--- Dataset records ---
++++++++++++++++++++

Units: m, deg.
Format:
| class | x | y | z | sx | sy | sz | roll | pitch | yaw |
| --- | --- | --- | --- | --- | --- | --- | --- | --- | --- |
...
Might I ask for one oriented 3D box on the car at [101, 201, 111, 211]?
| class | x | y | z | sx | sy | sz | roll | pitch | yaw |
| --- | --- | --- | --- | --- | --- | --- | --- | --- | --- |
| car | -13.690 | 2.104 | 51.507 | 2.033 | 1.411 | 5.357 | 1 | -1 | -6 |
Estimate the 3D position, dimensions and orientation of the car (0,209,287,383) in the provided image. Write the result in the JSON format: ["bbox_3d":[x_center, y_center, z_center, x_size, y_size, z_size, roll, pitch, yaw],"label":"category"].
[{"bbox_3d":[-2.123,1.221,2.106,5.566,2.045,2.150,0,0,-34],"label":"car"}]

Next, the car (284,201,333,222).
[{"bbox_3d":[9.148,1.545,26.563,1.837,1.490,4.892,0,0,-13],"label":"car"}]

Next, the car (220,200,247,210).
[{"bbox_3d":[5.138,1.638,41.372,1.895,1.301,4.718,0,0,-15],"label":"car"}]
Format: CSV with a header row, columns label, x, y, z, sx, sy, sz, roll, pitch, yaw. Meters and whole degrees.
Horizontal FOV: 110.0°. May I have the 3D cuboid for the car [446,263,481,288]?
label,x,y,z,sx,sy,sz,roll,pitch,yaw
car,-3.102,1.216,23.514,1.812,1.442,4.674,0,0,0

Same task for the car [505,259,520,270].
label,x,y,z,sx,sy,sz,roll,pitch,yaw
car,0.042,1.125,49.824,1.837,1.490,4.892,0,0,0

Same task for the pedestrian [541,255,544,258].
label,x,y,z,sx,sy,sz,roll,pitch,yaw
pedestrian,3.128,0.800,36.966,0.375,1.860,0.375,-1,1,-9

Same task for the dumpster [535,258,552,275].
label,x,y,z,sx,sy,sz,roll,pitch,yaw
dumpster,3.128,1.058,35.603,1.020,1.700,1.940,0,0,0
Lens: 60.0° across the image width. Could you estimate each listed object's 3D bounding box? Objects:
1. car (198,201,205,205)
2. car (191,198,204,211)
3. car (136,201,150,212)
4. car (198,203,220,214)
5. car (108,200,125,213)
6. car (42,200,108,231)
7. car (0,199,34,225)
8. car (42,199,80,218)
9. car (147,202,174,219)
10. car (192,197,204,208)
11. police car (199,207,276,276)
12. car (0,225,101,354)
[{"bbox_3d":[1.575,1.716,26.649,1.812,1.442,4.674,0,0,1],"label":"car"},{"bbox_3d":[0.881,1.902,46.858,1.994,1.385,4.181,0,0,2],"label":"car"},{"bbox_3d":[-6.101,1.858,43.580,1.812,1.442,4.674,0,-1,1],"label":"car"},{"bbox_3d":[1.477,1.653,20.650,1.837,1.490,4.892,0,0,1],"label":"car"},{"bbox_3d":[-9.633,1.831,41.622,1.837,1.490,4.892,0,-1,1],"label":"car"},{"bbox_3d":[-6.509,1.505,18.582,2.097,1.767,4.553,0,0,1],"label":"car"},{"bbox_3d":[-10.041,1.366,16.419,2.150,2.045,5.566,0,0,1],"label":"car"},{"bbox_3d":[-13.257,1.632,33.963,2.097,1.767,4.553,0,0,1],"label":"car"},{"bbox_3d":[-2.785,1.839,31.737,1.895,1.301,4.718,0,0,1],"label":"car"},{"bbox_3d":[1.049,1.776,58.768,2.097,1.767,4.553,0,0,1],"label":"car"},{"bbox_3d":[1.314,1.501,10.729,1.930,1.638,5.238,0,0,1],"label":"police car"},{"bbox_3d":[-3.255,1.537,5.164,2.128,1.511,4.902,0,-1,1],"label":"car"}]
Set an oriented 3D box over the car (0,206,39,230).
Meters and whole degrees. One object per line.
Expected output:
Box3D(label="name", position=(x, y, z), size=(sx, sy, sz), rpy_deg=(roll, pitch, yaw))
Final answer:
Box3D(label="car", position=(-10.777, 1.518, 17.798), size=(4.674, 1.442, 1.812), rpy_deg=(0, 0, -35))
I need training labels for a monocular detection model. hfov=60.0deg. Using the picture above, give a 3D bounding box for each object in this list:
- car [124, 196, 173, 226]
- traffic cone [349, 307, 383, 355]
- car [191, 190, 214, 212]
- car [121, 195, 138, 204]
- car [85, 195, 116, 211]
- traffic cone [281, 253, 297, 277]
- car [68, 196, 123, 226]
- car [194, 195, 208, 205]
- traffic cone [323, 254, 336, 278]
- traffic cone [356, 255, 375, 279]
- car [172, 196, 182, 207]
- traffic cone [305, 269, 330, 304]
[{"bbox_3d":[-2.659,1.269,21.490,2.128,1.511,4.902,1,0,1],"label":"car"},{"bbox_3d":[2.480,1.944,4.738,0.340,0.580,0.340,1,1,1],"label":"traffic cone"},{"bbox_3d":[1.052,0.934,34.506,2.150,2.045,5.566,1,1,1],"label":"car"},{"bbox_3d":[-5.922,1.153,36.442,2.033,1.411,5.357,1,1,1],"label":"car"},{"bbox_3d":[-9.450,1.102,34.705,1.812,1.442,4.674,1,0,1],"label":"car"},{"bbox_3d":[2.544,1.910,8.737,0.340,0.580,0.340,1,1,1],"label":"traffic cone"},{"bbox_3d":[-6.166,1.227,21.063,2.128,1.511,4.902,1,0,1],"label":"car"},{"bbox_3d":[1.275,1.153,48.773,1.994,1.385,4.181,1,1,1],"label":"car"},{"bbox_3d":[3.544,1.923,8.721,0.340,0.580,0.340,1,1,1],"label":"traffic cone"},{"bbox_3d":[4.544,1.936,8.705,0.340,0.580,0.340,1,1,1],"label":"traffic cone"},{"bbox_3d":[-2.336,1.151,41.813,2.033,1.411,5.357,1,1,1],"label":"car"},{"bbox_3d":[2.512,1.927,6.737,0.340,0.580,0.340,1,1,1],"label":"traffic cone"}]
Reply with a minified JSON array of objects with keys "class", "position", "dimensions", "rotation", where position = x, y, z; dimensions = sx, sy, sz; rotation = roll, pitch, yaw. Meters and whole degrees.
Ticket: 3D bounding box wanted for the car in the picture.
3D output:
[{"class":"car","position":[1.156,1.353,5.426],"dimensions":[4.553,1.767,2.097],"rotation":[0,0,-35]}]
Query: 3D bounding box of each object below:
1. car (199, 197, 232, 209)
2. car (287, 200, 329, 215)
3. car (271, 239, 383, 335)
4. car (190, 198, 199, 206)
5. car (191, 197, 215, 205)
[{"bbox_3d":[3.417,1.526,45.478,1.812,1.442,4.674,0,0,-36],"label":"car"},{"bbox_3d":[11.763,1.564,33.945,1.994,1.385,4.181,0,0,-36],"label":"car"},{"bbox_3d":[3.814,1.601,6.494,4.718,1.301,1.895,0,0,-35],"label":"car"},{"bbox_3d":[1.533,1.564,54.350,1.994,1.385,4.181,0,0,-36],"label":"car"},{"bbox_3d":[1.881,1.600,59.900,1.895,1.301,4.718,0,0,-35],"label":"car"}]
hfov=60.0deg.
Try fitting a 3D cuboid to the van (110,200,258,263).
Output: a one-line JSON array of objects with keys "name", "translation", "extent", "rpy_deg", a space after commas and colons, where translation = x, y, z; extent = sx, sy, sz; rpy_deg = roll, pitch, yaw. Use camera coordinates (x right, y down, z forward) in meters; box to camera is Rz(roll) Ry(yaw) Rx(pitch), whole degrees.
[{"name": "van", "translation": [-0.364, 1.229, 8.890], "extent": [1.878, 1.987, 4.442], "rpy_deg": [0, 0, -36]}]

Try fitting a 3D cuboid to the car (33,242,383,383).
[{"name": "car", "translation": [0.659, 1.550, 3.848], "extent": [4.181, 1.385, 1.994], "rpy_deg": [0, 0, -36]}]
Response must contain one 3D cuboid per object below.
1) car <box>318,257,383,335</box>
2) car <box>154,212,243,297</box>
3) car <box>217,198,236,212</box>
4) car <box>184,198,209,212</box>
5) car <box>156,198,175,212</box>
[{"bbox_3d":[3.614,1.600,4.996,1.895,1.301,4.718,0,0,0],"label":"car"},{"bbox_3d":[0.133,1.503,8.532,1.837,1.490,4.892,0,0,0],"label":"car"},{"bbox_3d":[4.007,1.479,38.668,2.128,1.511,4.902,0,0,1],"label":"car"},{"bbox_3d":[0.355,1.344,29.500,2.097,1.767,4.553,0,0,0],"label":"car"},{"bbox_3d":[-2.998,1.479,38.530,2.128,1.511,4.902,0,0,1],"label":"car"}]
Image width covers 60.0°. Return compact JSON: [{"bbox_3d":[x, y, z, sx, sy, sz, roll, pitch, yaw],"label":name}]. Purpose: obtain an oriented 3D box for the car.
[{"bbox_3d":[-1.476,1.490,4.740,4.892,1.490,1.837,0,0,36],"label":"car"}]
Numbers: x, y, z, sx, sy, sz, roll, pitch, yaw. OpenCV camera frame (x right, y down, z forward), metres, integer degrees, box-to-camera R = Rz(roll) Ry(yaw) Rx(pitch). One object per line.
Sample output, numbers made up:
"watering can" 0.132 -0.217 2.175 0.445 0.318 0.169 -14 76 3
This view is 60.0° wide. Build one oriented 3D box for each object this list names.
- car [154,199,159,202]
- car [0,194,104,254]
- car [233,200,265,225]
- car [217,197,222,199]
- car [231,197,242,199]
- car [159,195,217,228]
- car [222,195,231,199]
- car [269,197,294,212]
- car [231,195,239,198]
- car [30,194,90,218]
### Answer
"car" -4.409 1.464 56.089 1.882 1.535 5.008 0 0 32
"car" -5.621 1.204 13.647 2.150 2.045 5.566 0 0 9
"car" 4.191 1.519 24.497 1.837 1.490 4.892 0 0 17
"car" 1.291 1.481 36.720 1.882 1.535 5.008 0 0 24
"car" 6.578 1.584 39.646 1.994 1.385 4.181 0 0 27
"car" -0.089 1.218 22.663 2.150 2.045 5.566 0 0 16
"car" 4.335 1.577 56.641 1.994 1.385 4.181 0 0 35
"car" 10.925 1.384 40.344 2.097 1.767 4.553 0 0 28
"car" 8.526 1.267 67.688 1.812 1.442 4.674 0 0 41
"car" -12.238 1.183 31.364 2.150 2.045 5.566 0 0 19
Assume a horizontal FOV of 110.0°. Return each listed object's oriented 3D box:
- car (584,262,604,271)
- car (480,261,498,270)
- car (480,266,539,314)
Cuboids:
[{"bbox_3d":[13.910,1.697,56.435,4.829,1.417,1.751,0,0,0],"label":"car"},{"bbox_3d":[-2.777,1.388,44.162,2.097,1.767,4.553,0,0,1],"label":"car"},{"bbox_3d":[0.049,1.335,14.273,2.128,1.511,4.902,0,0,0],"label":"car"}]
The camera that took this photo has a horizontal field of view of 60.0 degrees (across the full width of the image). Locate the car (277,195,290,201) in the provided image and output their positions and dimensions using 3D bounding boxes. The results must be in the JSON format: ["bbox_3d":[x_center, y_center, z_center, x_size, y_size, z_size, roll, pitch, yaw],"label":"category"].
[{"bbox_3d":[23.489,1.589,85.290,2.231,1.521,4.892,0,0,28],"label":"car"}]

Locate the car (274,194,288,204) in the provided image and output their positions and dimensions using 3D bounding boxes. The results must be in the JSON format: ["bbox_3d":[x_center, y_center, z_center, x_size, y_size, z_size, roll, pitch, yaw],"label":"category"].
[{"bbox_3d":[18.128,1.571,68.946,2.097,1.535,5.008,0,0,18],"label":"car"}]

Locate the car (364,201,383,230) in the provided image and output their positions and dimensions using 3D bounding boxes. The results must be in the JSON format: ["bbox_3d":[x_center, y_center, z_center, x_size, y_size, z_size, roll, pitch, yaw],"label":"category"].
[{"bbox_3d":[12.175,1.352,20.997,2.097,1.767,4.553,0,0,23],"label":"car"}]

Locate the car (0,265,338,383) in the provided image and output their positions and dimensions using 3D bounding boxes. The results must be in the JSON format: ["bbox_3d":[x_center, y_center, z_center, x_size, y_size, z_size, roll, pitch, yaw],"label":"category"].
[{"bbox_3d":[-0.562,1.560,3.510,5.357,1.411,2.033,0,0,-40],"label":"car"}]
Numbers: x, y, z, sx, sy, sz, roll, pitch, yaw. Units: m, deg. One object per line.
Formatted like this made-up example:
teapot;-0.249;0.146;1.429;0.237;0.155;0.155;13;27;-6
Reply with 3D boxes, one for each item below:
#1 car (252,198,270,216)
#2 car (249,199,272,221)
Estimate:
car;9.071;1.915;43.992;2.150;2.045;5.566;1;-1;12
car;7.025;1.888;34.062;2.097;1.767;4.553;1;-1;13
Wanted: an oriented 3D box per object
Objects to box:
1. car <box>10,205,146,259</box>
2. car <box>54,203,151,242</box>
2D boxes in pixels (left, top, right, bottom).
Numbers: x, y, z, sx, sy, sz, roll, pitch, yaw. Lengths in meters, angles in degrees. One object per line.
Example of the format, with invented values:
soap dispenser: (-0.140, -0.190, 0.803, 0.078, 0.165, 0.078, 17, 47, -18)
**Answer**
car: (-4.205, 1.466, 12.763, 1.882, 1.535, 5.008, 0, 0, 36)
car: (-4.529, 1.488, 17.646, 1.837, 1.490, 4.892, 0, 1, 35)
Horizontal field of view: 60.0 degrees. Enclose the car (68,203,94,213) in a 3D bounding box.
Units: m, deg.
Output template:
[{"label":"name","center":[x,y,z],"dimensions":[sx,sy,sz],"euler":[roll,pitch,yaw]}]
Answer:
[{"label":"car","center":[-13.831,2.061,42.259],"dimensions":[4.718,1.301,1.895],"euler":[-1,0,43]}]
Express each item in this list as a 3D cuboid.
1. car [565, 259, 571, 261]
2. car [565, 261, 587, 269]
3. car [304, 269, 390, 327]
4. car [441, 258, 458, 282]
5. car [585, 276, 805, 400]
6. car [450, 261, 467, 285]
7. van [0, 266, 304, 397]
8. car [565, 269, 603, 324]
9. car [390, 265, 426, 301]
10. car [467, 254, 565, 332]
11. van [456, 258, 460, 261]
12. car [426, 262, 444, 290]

++++++++++++++++++++

--- Activity ---
Find and copy every line in the entries above where the string "listed" occurs.

--- Solution for this problem ---
Lens: 60.0° across the image width. Could you estimate each listed object's 3D bounding box? Objects:
Assume a horizontal FOV of 110.0°. Return each listed object's oriented 3D box:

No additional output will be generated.